A clean energy future is in safer hands in the private sector

keio university newv2 - Data Centre - Reset Data
There are a growing number of opportunities in the business world that incentivise CEOs to champion the renewables sector.

There are a growing number of opportunities in the business world that incentivise CEOs to champion the renewables sector. Industry leaders looking for the right investment into this vitally important, rapidly emerging field needn’t look too far. The technology is already established, and these opportunities align with the renewable energy solutions of the future.

It’s a philosophy and movement in which I’m particularly invested. Our company, ResetData, is dedicated to developing an array of environmentally-sound data centres. Our use of solid oxide fuel cells to power these data centres has multiple benefits, including reduced emissions and the capacity to save billions of litres of water every year. This is the central focus of and motivation behind our business: taking action when it’s clear that key figures in government are not doing anywhere near enough.

I see a leading example of a similar push towards cleaner energy in Andrew ‘Twiggy’ Forrest, the mining billionaire and founder of Fortescue Future Industries (FFI). He has announced that FFI will build the world’s largest green energy hydrogen manufacturing facility in central Queensland. This comes on the heels of statements he made earlier this year affirming it was estimated the green hydrogen market could generate revenues of US$12 trillion by 2050.

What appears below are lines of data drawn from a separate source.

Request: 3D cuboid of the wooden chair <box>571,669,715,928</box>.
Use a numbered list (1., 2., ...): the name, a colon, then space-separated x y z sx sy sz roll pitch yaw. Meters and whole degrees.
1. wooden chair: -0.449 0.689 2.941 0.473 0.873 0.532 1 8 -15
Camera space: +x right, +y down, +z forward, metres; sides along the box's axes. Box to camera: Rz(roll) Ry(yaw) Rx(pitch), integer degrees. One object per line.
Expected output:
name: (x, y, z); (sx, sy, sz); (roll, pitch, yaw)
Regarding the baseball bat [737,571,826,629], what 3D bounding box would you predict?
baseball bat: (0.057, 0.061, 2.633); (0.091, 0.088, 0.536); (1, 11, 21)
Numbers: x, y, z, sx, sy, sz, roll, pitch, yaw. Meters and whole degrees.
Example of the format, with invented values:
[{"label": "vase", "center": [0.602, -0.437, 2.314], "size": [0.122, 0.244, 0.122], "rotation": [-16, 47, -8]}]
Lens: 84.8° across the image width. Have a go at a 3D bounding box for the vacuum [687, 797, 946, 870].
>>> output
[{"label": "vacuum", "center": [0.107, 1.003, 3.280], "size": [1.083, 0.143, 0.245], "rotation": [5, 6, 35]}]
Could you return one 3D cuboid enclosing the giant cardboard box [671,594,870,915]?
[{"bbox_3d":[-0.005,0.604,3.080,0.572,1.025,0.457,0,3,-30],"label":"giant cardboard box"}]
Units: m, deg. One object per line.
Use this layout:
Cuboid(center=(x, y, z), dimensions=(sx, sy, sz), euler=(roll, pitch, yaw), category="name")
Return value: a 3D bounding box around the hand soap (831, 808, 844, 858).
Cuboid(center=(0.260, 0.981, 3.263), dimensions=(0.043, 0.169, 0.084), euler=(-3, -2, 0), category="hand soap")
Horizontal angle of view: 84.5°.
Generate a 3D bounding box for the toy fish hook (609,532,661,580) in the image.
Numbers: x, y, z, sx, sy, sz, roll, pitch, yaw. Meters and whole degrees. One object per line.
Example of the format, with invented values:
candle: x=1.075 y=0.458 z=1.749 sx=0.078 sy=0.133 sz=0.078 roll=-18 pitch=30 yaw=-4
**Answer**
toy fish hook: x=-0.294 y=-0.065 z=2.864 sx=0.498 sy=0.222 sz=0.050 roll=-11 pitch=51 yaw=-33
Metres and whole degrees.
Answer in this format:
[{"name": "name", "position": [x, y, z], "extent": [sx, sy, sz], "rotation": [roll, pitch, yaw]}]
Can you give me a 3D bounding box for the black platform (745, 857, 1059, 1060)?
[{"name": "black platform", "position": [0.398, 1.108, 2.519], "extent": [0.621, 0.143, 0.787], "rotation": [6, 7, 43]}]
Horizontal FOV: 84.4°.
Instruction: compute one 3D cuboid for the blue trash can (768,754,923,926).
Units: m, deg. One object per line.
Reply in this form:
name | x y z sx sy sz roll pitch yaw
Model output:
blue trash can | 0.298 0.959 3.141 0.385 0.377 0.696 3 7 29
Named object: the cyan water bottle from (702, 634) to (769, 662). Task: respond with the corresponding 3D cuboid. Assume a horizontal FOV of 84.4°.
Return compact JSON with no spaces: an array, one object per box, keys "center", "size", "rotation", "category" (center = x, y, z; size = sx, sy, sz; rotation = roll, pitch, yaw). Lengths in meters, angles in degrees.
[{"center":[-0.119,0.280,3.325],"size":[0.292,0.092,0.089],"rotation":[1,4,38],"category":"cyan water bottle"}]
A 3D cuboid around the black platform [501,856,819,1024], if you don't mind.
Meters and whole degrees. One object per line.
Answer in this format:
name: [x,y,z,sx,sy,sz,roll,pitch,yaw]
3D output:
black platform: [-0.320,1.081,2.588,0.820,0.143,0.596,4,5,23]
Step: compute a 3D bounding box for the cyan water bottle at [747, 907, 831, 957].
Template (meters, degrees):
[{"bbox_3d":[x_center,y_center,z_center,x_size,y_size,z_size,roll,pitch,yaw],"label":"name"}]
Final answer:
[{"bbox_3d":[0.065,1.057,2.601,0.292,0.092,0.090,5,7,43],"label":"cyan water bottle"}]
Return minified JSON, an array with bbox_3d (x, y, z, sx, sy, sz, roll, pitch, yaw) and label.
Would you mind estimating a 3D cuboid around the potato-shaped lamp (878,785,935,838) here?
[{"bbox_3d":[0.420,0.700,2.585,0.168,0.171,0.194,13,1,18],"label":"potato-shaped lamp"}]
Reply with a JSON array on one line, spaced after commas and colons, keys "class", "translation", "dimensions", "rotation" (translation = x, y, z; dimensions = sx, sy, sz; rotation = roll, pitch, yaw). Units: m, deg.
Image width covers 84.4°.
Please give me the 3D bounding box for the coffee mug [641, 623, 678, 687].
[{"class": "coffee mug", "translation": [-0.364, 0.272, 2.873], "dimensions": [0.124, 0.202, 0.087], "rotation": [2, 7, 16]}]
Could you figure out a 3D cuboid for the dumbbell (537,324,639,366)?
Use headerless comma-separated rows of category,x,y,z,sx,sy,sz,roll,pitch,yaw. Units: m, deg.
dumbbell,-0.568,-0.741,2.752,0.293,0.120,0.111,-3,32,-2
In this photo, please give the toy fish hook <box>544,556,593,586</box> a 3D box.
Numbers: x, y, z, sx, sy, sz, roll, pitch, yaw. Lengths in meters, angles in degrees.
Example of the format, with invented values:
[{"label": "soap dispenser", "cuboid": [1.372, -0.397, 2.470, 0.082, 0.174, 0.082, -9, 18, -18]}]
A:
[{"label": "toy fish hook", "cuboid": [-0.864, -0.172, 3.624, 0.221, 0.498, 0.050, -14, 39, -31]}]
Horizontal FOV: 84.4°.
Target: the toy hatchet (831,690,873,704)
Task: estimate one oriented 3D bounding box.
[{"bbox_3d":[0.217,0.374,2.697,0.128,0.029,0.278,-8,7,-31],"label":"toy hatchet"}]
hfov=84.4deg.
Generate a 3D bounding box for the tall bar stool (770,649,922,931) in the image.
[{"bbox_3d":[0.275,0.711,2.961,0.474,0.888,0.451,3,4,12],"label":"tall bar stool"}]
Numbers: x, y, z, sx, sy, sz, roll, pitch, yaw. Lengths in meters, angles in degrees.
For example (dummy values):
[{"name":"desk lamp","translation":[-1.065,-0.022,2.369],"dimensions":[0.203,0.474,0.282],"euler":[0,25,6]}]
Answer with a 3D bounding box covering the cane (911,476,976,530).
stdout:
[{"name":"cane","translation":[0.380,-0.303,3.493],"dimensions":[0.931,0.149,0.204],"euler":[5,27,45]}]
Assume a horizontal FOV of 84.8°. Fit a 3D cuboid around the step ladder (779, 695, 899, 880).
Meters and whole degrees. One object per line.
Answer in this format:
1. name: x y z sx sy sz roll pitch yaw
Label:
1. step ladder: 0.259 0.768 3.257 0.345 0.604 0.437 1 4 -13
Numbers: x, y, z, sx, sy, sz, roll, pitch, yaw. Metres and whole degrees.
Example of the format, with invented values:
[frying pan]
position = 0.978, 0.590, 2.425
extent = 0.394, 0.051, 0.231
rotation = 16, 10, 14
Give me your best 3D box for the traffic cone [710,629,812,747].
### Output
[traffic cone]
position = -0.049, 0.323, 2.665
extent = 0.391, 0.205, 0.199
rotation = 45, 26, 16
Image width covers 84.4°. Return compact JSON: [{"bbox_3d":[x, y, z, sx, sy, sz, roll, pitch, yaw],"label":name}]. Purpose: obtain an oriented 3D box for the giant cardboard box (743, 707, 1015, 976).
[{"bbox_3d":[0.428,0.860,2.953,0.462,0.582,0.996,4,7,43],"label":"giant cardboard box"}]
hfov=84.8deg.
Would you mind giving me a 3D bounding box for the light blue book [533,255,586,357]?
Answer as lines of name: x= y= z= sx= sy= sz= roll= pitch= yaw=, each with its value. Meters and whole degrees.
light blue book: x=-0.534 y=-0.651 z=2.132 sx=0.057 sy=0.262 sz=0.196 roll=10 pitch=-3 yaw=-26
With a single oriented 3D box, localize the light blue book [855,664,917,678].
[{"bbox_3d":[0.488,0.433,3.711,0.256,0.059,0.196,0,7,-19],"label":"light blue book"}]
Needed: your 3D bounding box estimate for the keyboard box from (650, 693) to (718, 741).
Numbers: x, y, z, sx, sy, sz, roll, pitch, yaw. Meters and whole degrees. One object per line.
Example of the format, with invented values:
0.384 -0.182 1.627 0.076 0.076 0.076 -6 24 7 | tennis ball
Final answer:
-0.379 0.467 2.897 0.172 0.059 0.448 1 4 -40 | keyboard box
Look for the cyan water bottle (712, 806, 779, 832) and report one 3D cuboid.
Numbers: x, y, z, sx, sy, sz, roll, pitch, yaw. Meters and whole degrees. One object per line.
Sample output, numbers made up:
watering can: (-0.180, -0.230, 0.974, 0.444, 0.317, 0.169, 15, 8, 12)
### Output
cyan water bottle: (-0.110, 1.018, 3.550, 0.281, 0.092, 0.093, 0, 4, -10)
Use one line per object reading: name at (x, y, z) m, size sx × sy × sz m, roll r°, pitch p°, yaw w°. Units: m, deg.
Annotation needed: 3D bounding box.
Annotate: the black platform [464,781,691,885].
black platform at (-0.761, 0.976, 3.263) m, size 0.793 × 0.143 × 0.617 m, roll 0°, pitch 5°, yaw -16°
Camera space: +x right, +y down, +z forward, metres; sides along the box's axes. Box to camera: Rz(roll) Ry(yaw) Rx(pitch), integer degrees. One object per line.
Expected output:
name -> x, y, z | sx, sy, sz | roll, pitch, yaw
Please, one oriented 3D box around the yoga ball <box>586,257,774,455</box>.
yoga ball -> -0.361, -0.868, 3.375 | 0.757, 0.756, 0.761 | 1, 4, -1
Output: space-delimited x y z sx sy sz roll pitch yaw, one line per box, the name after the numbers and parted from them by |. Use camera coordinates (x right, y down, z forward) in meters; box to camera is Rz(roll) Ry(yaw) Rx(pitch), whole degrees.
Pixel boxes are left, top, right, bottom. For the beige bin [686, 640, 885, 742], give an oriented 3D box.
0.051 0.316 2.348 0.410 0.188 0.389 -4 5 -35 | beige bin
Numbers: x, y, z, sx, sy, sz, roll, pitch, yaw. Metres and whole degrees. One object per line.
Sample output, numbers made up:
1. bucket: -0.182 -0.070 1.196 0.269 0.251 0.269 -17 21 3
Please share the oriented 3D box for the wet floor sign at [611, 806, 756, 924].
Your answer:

This facility represents a $1 billion-plus investment on FFI’s part. Once completed, it will have a green hydrogen manufacturing capacity estimated to be the biggest of its kind in the world, bringing thousands of jobs to Queensland’s energy industry.

Green energy infrastructure and equipment — such as electrolysers, cabling and wind turbines — will be manufactured to create green hydrogen that Australia would then export around the world. The facility also looks to double the world’s green hydrogen production capacity, producing two gigawatts of hydrogen electrolysers each year.

“This is the future,” Forrest said, citing hydrogen’s capabilities.